# Converting UInt8 Array to BigInt, and back

I am writing functions that would convert Array{UInt8,1} to BigInt and vice versa.

1. From BigInt to Array I use to do as follows, through an hexadecimal string.
``````function int2bytes(x::Integer)
hex = string(x, base=16)
if mod(length(hex), 2) != 0
hex = string("0", hex)
end
return hex2bytes(hex)
end
``````

@gdkrmr suggested the following faster implementation which I am now using.

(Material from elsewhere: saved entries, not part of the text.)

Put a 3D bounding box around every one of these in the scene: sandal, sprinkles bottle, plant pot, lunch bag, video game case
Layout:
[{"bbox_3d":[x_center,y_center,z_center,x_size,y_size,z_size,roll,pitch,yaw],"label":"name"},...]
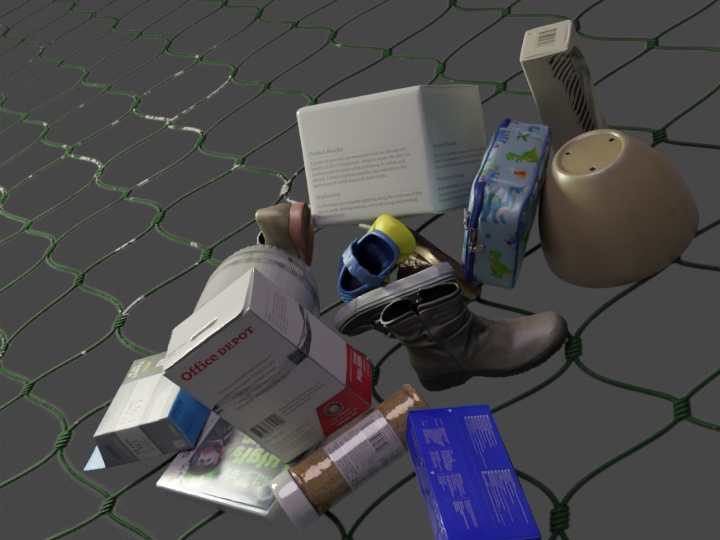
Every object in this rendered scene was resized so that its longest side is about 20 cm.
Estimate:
[{"bbox_3d":[0.000,0.000,1.431,0.079,0.200,0.087,43,63,8],"label":"sandal"},{"bbox_3d":[-0.006,0.213,1.247,0.200,0.068,0.068,-35,35,-8],"label":"sprinkles bottle"},{"bbox_3d":[0.304,-0.095,1.356,0.200,0.135,0.201,-20,36,15],"label":"plant pot"},{"bbox_3d":[0.188,-0.083,1.403,0.082,0.161,0.200,12,47,13],"label":"lunch bag"},{"bbox_3d":[-0.138,0.221,1.372,0.200,0.023,0.182,4,47,39],"label":"video game case"}]

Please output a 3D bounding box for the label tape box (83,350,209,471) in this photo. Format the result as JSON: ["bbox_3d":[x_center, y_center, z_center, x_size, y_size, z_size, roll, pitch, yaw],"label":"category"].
[{"bbox_3d":[-0.293,0.185,1.478,0.200,0.066,0.143,-15,34,28],"label":"label tape box"}]

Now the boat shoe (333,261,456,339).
[{"bbox_3d":[0.045,0.056,1.404,0.200,0.071,0.072,-28,-13,40],"label":"boat shoe"}]

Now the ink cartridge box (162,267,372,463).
[{"bbox_3d":[-0.105,0.112,1.261,0.147,0.200,0.083,-36,29,25],"label":"ink cartridge box"}]

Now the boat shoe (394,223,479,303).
[{"bbox_3d":[0.084,0.003,1.464,0.200,0.072,0.072,41,104,46],"label":"boat shoe"}]

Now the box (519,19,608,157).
[{"bbox_3d":[0.282,-0.232,1.487,0.068,0.200,0.082,-10,39,25],"label":"box"}]

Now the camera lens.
[{"bbox_3d":[-0.137,0.071,1.417,0.160,0.160,0.200,-20,22,13],"label":"camera lens"}]

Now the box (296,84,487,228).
[{"bbox_3d":[0.052,-0.161,1.527,0.199,0.172,0.200,-5,6,31],"label":"box"}]

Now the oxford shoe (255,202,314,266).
[{"bbox_3d":[-0.105,-0.041,1.534,0.074,0.200,0.071,4,62,4],"label":"oxford shoe"}]

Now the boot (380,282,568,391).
[{"bbox_3d":[0.133,0.065,1.278,0.200,0.131,0.068,-19,36,15],"label":"boot"}]

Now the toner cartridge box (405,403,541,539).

``````function int2bytes(x::BigInt)
result = Array{UInt8}(undef, x.size * sizeof(eltype(x.d)))
unsafe_copyto!(convert(Ptr{eltype(x.d)}, pointer(result)), x.d, x.size)
if ENDIAN_BOM == 0x04030201
result = result[end:-1:1]
end
i = findfirst(x -> x != 0x00, result)
result[i:end]
end
``````
1. From Array to BigInt, I am also going through hexadecimal string at the moment.
``````function bytes2int(x::Array{UInt8,1})
hex = bytes2hex(x)
return parse(BigInt, hex, base=16)
end
``````

Based on @gdkrmr suggestion I am now trying to implement this conversion without string but can’t make it work… I came up with the below code which works when broken down in REPL but crashes when running it in a function.

``````function bytes2int_new(x::Array{UInt8,1})
l = length(x)
if Sys.WORD_SIZE == 64
T = UInt64
xsize = cld(l, 8)
elseif Sys.WORD_SIZE == 32
T = UInt32
xsize = cld(l, 4)
end
x = cat(fill(UInt8(0), xsize * 8 - l), x; dims=1)
if ENDIAN_BOM == 0x04030201
reverse!(x)
end
if xsize == 1
return reinterpret(T,x)
else
result = big(0)
unsafe_copyto!(result.d, convert(Ptr{T}, pointer(x)), xsize)
result.size = xsize
result.alloc = xsize + 1
return result
end
end
``````

Clearly, there is something I do not understand about pointers and BigInt implementation…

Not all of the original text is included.